In recent years, people are exposed to radiation depending on the technology developed which may cause serious
incurable health problems. To protect from radiation exposure, various radiation shielding materials are used in
different areas. In this study, zinc extraction residue (ZER), which is released during zinc production containing
various heavy metals, was evaluated in clay-based brick manufacturing. The fired bricks were characterized in
terms of radiation shielding, bulk density and compressive strength. Clay brick with 50% ZER was fired at
1000 ◦C. Bulk density and compressive strength of fired brick were found as 2.16 g/cm3 and 12.6 MPa,
respectively. The addition of ZER increased the density while reducing the compressive strength. Radiation
shielding potential for the samples were evaluated both experimentally (using an Am–Be neutron source and a
Cs-137 gamma source) and simulation-wise using the Monte Carlo technique. For this purpose, mass attenuation
coefficients of gammas and total absorption cross-section of neutrons were determined through measurements.
Additionally, Monte Carlo simulations were carried out under similar irradiation conditions.
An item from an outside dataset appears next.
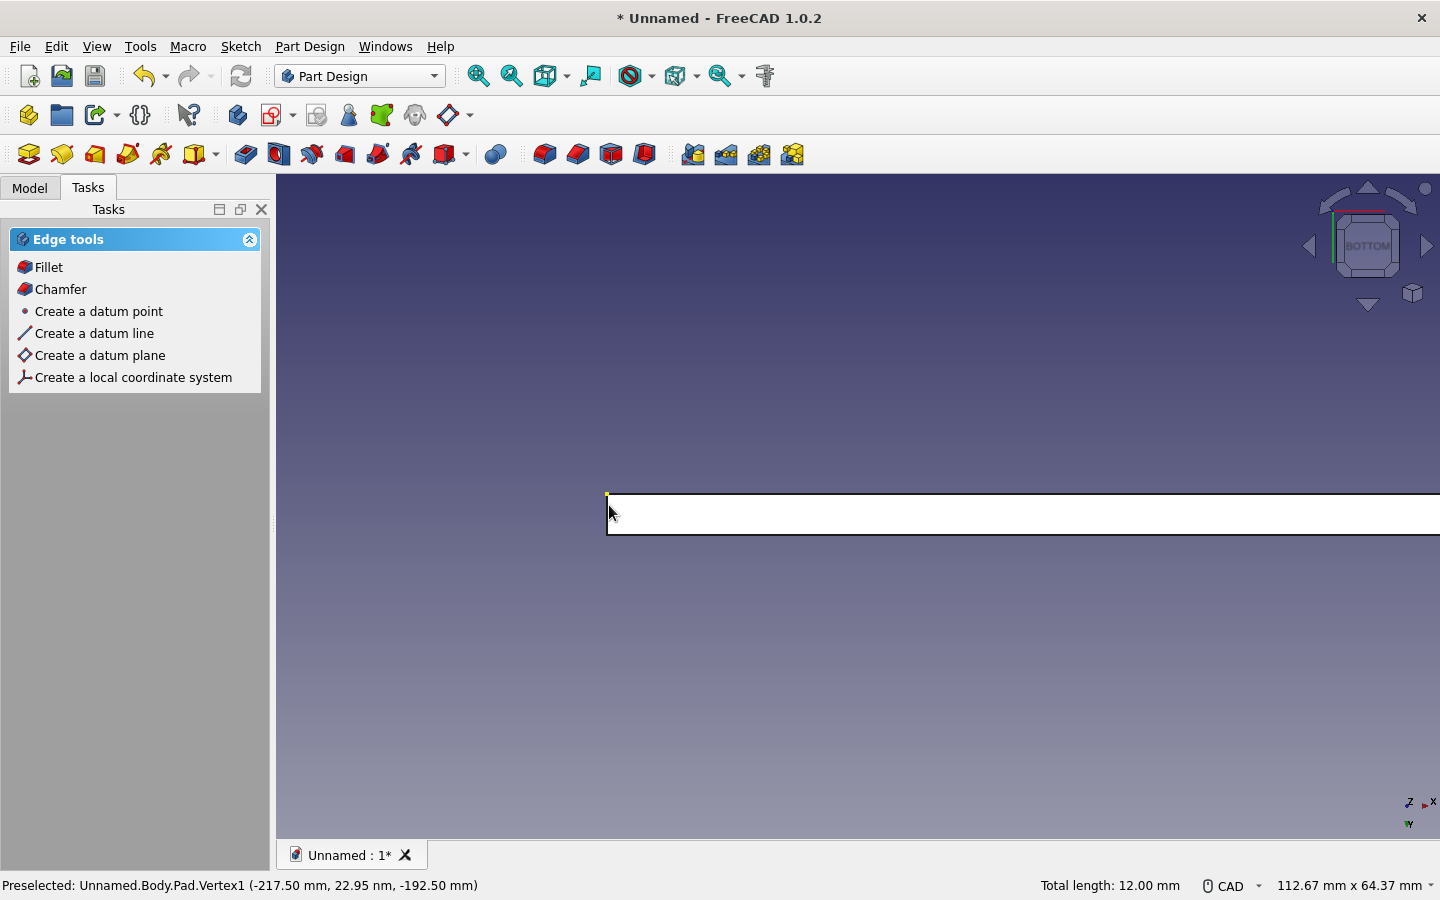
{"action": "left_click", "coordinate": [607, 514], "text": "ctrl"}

The MCNP simulation
results were checked against those produced from XCOM database for photons and Phy-X/PSD for neutrons.
Inclusion of ZER was found to elevate shielding capabilities especially at low photon energies because of
the lead content of ZER. In addition, neutron attenuation characteristics of ZER bricks were observed to be
relatively lower than that of fired clay brick because of the heavier ingredients existing in ZER extracts.